**Work instruction:** Using the material below, return exactly the lines between the one holding "text Referentieraming 2018" and the one holding "table_cell Uitgaven [422, 630, 555, 650]", inclusive, and no others.

**Exercise input:**
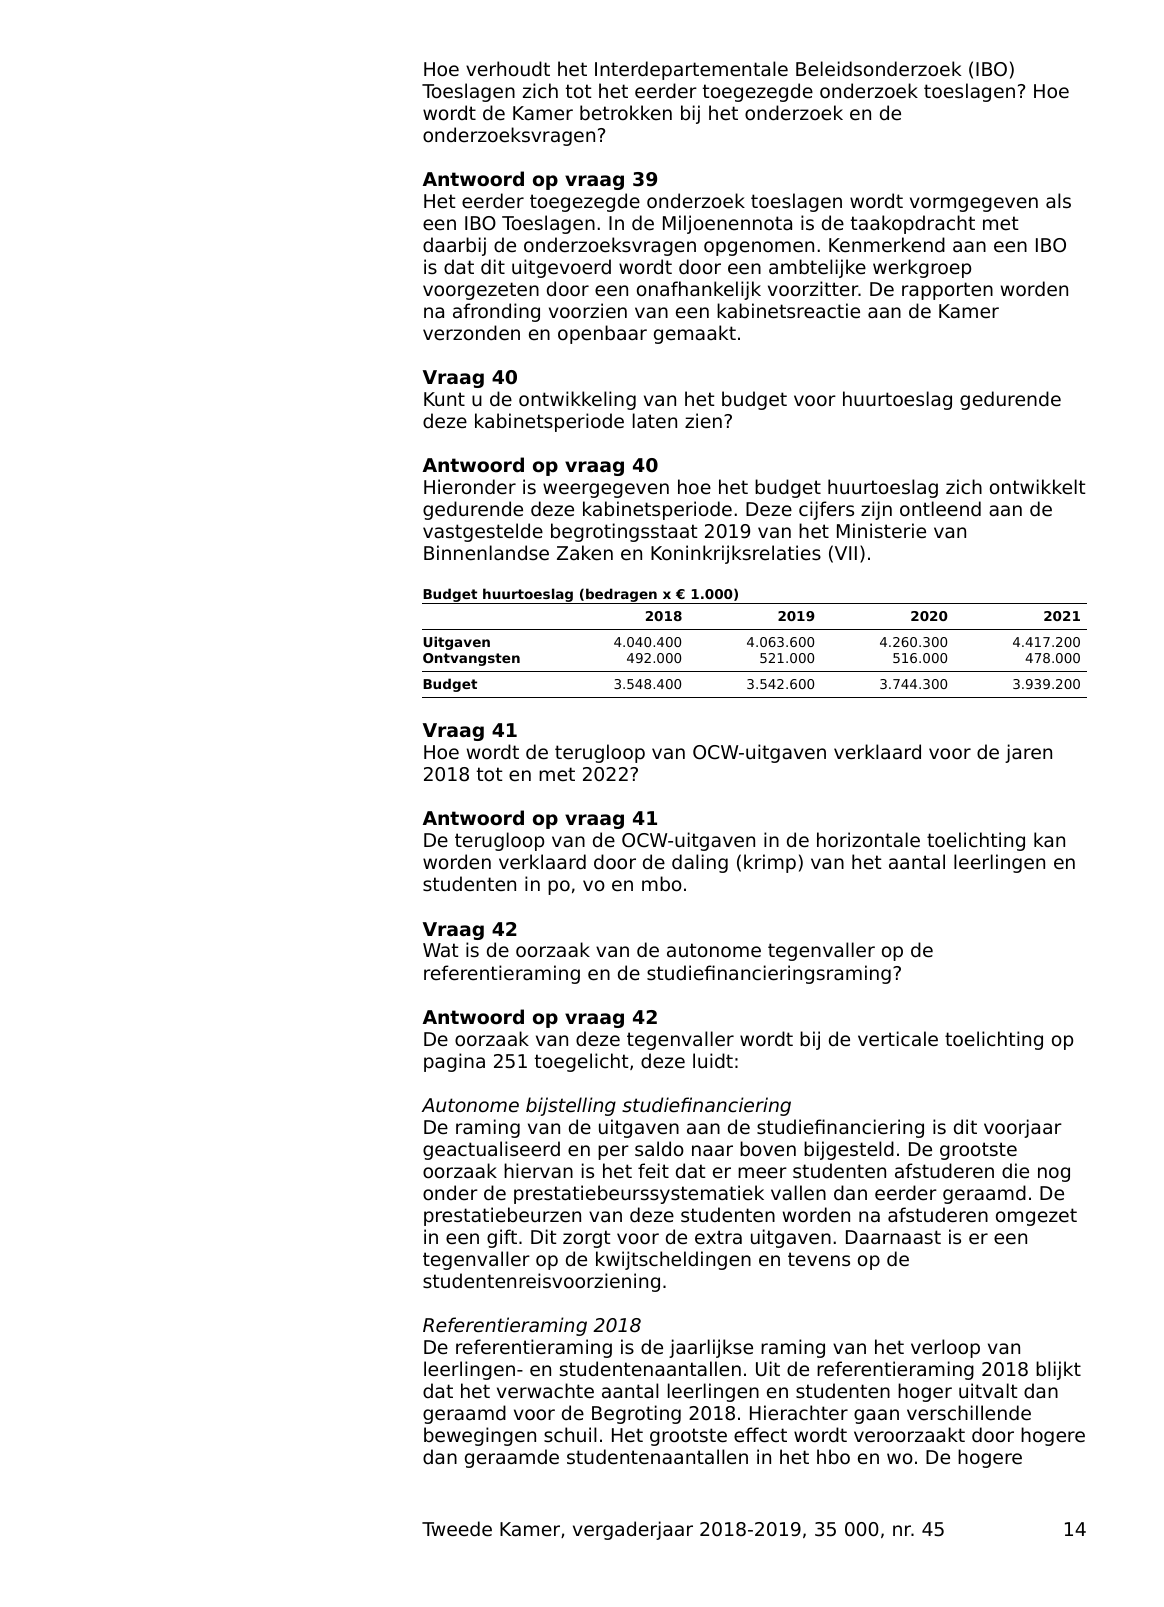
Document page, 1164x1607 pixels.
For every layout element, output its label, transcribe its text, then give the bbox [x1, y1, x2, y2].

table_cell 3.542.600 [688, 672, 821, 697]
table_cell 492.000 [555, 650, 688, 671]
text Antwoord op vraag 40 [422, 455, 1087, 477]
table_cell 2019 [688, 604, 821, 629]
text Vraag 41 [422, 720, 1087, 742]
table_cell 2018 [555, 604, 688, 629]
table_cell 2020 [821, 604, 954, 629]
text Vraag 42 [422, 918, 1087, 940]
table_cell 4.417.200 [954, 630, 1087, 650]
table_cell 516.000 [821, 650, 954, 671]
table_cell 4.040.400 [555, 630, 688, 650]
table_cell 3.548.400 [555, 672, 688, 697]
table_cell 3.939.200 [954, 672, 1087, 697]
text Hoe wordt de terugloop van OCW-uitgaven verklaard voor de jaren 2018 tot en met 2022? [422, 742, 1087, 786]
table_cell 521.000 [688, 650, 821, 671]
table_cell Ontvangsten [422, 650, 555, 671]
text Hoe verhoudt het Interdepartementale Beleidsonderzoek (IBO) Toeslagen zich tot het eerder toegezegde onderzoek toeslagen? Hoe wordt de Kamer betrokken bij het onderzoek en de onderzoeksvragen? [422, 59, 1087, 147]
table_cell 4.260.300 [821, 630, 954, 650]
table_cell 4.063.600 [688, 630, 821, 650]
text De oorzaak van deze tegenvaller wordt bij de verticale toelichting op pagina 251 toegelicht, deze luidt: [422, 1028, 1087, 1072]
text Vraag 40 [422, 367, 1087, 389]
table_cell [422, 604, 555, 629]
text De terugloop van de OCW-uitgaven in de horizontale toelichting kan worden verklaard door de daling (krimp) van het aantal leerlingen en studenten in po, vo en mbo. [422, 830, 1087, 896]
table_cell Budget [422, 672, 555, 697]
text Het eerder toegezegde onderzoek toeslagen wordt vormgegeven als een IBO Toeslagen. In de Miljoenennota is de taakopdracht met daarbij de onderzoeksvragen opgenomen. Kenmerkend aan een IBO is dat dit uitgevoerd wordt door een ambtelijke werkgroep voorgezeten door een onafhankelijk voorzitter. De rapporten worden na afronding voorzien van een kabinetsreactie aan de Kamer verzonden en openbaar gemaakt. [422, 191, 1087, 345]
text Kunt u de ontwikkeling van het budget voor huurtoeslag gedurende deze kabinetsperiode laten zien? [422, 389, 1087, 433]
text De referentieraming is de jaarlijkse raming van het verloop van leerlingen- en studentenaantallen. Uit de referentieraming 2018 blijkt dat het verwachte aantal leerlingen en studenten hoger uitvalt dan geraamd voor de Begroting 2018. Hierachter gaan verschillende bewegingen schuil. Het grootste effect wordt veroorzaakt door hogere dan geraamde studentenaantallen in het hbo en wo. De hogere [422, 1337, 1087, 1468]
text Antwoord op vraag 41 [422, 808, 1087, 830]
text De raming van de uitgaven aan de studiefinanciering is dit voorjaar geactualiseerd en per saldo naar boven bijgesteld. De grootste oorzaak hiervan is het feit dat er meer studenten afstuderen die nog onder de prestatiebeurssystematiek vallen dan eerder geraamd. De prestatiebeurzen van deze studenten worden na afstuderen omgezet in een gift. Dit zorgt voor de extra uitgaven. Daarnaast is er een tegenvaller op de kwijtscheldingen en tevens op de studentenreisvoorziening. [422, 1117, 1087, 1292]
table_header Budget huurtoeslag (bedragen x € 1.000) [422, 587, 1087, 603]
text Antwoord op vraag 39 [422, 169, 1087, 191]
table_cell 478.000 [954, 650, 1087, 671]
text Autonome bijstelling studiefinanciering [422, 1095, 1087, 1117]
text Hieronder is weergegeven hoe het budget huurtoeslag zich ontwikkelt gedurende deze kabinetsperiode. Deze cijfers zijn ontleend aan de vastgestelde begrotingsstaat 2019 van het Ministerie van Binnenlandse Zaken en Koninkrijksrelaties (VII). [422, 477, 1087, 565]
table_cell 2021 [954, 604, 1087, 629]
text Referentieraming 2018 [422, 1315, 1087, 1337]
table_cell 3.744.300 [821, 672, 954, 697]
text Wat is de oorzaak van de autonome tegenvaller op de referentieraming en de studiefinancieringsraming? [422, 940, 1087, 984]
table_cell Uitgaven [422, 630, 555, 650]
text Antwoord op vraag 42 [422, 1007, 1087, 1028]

**Solution to this problem:**
text Referentieraming 2018 [422, 1315, 1087, 1337]
table_cell 3.744.300 [821, 672, 954, 697]
text Wat is de oorzaak van de autonome tegenvaller op de referentieraming en de studiefinancieringsraming? [422, 940, 1087, 984]
table_cell Uitgaven [422, 630, 555, 650]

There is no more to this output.